Collected data entries
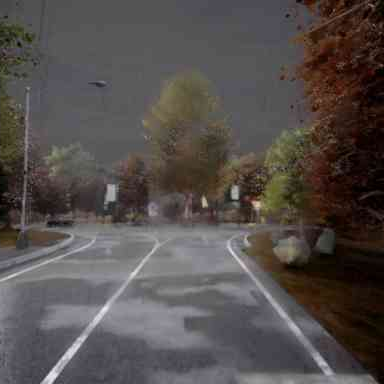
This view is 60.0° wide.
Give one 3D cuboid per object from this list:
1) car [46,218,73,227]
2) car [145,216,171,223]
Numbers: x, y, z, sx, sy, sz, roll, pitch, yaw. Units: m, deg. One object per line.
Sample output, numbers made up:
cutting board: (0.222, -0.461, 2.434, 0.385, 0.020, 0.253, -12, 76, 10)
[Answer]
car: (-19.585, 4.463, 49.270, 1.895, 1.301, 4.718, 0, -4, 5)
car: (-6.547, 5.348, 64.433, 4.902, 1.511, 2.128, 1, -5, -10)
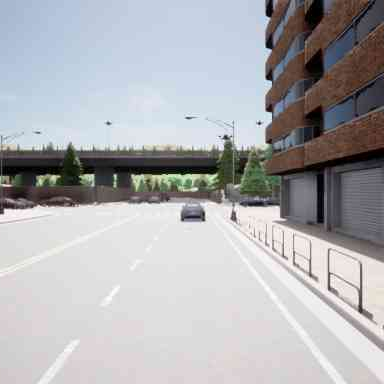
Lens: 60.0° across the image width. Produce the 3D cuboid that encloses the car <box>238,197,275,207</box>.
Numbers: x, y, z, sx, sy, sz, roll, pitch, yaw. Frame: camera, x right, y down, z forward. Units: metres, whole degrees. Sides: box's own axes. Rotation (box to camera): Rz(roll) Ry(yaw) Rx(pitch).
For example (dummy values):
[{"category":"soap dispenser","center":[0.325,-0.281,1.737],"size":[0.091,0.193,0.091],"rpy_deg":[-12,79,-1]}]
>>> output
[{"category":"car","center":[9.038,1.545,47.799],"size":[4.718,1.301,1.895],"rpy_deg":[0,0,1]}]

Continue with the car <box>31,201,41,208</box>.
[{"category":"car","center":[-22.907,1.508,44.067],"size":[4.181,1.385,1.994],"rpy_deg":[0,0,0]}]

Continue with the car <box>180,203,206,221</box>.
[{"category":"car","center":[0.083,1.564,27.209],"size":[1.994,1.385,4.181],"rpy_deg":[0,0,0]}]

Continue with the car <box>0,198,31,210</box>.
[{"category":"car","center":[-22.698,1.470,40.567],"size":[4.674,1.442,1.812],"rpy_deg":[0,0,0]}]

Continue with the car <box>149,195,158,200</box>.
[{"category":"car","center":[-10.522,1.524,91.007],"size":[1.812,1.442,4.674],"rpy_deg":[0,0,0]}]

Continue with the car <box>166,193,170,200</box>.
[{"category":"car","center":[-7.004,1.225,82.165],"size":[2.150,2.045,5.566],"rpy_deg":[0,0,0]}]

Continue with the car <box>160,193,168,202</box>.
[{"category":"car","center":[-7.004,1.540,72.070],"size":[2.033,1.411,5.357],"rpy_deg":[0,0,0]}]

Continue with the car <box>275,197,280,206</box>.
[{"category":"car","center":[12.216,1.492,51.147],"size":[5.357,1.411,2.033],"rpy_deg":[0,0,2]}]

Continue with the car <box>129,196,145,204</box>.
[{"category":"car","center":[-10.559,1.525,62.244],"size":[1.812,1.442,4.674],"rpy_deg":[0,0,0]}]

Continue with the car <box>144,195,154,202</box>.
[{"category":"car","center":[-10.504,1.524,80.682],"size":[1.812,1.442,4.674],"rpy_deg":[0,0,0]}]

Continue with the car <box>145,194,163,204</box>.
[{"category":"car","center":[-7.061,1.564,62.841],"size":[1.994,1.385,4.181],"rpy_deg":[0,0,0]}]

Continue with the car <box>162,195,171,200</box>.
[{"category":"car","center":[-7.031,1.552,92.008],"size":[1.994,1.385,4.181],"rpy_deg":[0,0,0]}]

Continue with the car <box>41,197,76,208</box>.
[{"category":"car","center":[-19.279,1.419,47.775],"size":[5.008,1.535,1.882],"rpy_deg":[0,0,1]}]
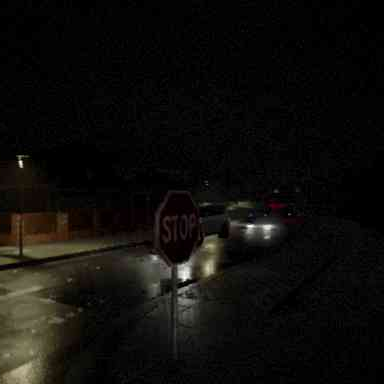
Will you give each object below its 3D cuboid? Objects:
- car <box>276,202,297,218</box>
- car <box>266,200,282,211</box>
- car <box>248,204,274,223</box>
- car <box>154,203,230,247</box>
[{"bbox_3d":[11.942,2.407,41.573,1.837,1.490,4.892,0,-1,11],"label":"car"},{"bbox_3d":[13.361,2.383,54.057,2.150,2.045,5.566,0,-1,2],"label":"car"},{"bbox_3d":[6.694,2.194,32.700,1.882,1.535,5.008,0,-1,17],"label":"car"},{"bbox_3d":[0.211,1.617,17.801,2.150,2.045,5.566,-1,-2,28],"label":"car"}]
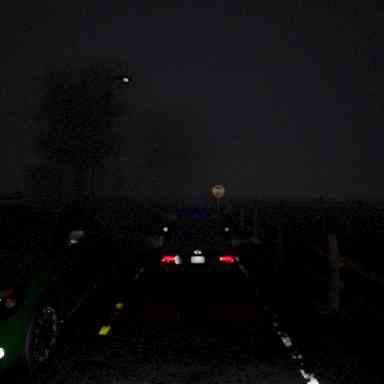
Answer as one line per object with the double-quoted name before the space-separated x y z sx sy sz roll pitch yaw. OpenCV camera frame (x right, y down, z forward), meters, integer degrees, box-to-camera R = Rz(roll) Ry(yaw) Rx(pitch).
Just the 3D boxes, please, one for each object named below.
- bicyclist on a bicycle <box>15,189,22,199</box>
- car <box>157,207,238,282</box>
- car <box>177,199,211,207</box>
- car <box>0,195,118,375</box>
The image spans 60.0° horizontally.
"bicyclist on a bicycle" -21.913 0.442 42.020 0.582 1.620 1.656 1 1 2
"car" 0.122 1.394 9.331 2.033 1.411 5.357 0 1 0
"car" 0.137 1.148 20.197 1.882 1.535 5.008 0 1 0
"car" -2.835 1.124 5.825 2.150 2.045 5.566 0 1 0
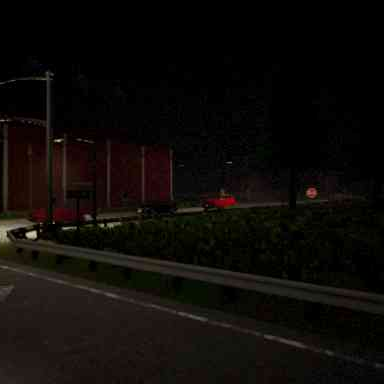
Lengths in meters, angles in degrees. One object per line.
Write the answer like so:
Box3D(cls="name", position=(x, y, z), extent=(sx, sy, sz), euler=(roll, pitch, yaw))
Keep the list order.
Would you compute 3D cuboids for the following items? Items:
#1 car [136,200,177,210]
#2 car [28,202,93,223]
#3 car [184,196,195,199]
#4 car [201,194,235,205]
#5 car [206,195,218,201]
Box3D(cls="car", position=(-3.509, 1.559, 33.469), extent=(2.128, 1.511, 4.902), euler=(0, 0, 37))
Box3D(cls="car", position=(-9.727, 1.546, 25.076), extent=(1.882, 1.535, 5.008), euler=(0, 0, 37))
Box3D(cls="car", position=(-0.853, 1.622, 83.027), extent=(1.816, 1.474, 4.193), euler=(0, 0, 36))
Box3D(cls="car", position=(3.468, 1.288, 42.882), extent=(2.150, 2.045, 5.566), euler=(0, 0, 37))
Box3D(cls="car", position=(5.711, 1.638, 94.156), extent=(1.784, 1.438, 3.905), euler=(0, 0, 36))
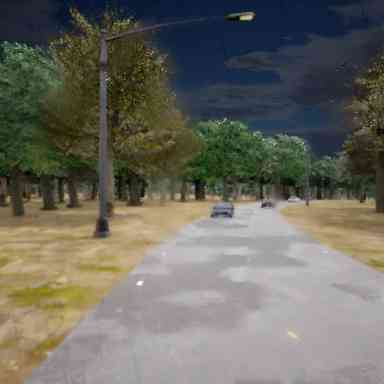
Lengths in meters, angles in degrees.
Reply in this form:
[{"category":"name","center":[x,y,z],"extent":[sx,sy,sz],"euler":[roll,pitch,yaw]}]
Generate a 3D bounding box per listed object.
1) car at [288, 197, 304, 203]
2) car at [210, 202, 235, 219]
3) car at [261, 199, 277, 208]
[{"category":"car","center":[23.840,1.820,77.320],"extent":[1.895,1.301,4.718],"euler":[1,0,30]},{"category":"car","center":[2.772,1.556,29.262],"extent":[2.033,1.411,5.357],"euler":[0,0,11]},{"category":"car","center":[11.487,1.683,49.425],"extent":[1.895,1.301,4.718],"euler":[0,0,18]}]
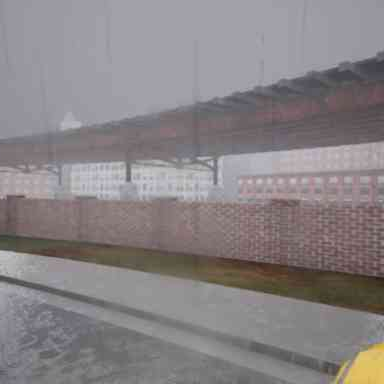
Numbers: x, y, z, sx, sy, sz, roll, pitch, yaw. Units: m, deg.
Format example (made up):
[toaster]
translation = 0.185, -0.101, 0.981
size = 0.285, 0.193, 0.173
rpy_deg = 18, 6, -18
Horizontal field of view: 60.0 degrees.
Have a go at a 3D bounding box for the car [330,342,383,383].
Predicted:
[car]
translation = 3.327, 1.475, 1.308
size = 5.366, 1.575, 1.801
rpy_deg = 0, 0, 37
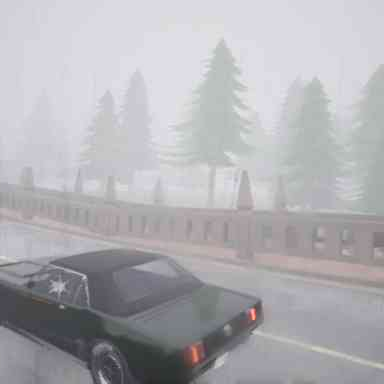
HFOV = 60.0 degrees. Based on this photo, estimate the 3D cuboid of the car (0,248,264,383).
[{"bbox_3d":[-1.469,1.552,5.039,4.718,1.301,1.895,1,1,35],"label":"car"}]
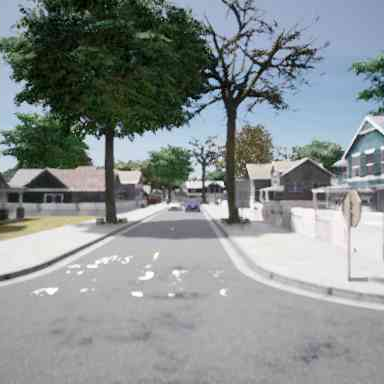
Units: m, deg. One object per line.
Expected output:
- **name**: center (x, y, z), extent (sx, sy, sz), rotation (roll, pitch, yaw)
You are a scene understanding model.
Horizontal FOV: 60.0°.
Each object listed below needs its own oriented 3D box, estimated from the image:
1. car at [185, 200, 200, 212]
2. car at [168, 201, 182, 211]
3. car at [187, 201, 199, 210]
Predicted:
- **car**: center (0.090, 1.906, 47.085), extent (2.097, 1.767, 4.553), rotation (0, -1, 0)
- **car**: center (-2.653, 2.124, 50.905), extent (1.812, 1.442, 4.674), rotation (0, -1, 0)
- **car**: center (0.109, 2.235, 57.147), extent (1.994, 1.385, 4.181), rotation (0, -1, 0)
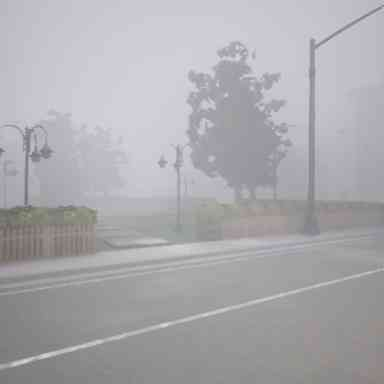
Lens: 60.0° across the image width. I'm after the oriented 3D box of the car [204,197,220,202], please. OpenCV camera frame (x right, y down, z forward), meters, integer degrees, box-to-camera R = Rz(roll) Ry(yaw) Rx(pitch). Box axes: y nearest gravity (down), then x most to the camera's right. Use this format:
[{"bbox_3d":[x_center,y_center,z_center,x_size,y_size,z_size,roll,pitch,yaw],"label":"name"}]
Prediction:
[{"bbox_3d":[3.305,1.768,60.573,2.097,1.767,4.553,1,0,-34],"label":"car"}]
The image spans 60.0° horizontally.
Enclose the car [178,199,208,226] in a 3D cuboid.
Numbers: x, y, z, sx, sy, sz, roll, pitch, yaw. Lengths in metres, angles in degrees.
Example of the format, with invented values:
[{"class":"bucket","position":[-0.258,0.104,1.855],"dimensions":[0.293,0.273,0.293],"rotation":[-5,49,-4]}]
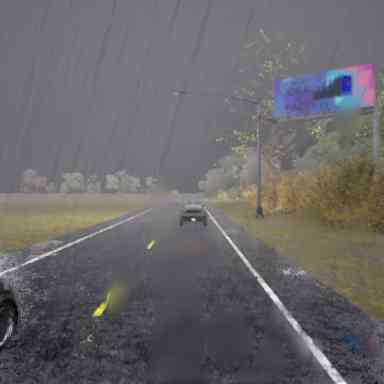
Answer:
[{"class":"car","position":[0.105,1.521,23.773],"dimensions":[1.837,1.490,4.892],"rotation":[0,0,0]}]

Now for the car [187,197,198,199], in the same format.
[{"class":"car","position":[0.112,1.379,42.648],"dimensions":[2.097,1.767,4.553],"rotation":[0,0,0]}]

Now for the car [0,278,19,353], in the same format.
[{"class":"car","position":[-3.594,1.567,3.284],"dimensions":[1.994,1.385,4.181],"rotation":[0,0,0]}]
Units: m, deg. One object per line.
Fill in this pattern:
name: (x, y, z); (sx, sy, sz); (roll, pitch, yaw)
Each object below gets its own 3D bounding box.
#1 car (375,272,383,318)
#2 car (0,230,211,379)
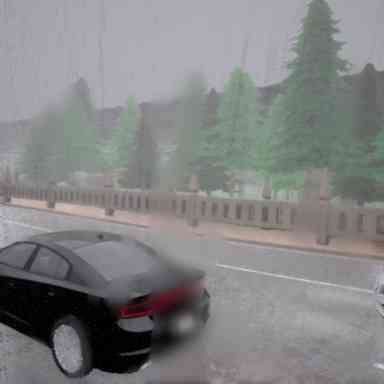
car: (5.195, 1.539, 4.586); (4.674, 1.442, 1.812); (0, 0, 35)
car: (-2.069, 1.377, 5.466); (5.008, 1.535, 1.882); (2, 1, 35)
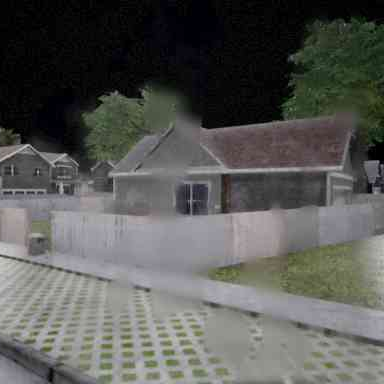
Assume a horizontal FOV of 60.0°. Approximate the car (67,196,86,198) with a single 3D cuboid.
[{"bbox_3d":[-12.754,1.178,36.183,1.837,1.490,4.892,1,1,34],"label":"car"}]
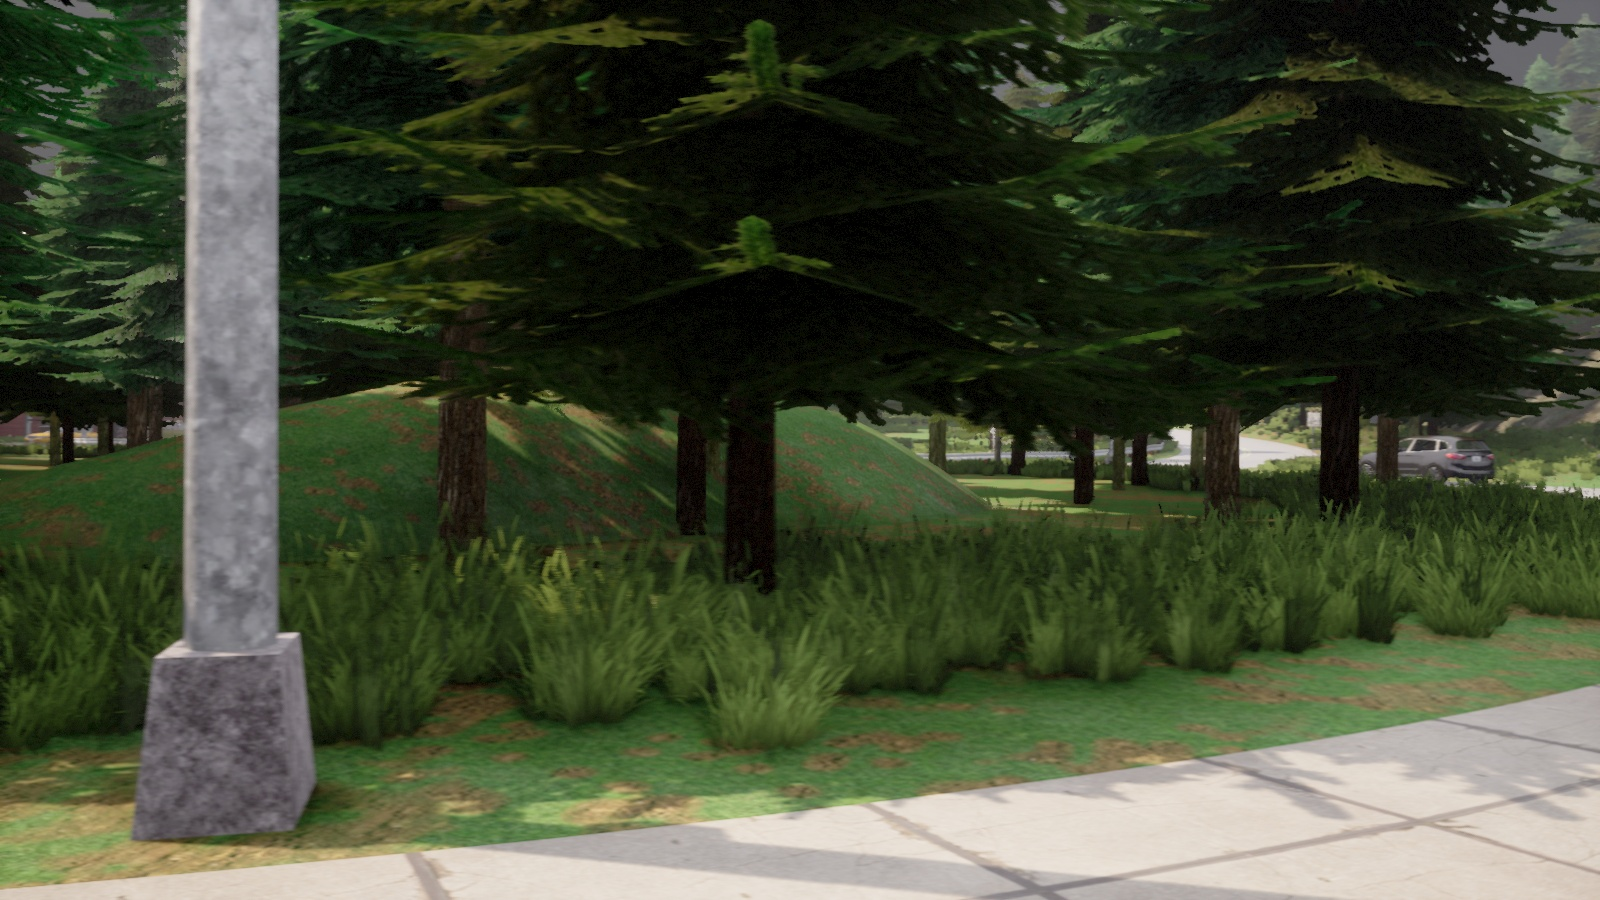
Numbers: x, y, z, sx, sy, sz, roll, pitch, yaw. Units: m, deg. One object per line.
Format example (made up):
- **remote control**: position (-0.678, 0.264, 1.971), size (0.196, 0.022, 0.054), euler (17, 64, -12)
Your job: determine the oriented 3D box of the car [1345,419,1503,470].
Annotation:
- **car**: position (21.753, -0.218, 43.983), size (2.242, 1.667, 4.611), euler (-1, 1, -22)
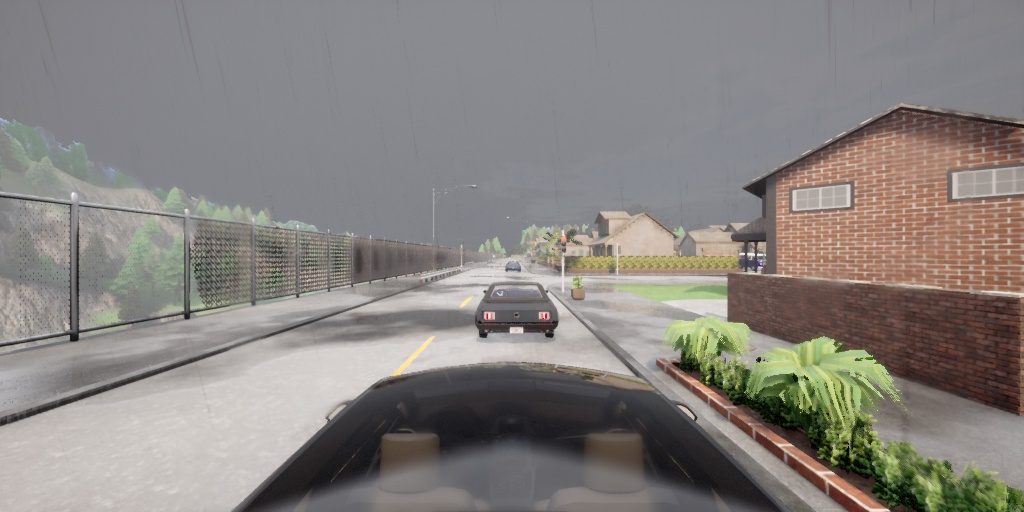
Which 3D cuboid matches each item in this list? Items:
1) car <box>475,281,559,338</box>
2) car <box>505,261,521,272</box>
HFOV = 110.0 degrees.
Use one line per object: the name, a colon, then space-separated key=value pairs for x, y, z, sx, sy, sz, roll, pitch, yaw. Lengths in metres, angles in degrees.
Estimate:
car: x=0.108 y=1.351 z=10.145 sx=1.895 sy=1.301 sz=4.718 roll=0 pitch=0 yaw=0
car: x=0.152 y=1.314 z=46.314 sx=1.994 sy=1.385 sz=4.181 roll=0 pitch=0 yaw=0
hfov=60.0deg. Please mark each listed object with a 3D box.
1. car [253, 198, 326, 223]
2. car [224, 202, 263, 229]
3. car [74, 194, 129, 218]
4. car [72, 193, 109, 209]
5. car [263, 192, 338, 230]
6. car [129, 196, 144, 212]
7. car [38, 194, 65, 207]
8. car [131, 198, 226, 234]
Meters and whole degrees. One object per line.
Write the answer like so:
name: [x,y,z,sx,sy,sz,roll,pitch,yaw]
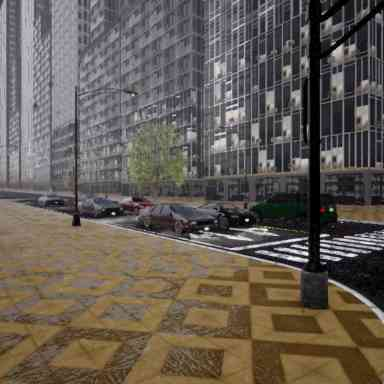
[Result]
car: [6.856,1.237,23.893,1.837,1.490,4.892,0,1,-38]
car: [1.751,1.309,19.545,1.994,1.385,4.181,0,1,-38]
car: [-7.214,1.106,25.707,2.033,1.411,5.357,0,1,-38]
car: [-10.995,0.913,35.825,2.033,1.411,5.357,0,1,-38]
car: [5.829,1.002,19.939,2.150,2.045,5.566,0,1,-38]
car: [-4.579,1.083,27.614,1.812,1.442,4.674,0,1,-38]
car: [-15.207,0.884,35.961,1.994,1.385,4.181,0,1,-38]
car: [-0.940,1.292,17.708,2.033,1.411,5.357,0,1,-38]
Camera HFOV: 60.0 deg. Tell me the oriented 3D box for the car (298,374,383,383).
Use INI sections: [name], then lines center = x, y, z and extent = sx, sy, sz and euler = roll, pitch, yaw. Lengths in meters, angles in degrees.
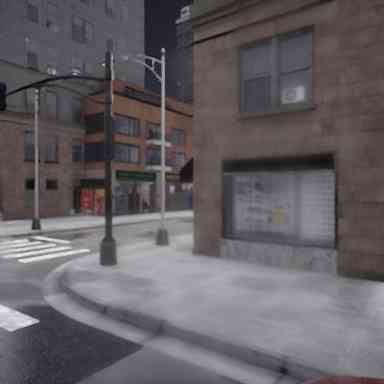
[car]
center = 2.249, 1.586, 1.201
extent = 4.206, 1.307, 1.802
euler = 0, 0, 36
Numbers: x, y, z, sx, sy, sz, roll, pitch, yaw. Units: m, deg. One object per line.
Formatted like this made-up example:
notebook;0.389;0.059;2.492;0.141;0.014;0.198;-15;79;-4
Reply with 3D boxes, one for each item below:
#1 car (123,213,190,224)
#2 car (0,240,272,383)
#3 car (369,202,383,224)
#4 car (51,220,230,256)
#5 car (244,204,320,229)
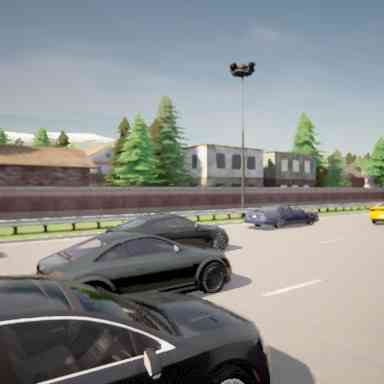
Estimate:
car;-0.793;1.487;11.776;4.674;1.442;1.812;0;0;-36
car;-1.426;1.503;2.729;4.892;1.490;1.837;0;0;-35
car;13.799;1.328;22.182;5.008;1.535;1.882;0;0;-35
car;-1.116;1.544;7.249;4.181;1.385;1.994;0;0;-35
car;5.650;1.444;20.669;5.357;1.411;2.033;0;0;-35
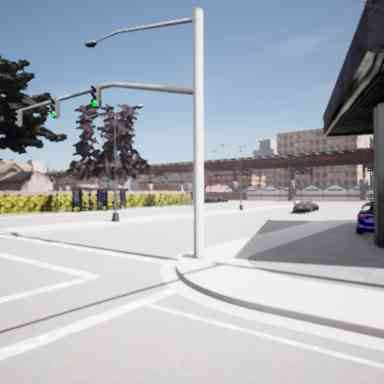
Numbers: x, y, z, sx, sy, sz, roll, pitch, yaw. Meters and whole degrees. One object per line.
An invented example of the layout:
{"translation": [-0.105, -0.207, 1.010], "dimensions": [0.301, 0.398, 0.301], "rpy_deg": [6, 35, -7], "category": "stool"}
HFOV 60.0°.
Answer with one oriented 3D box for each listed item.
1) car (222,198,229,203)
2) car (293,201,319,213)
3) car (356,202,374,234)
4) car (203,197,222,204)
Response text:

## What is being asked
Wherever the string "view" is found in the entries, copy the line it sits in.

## Answer space
This view is 60.0° wide.
Horizontal field of view: 60.0 degrees.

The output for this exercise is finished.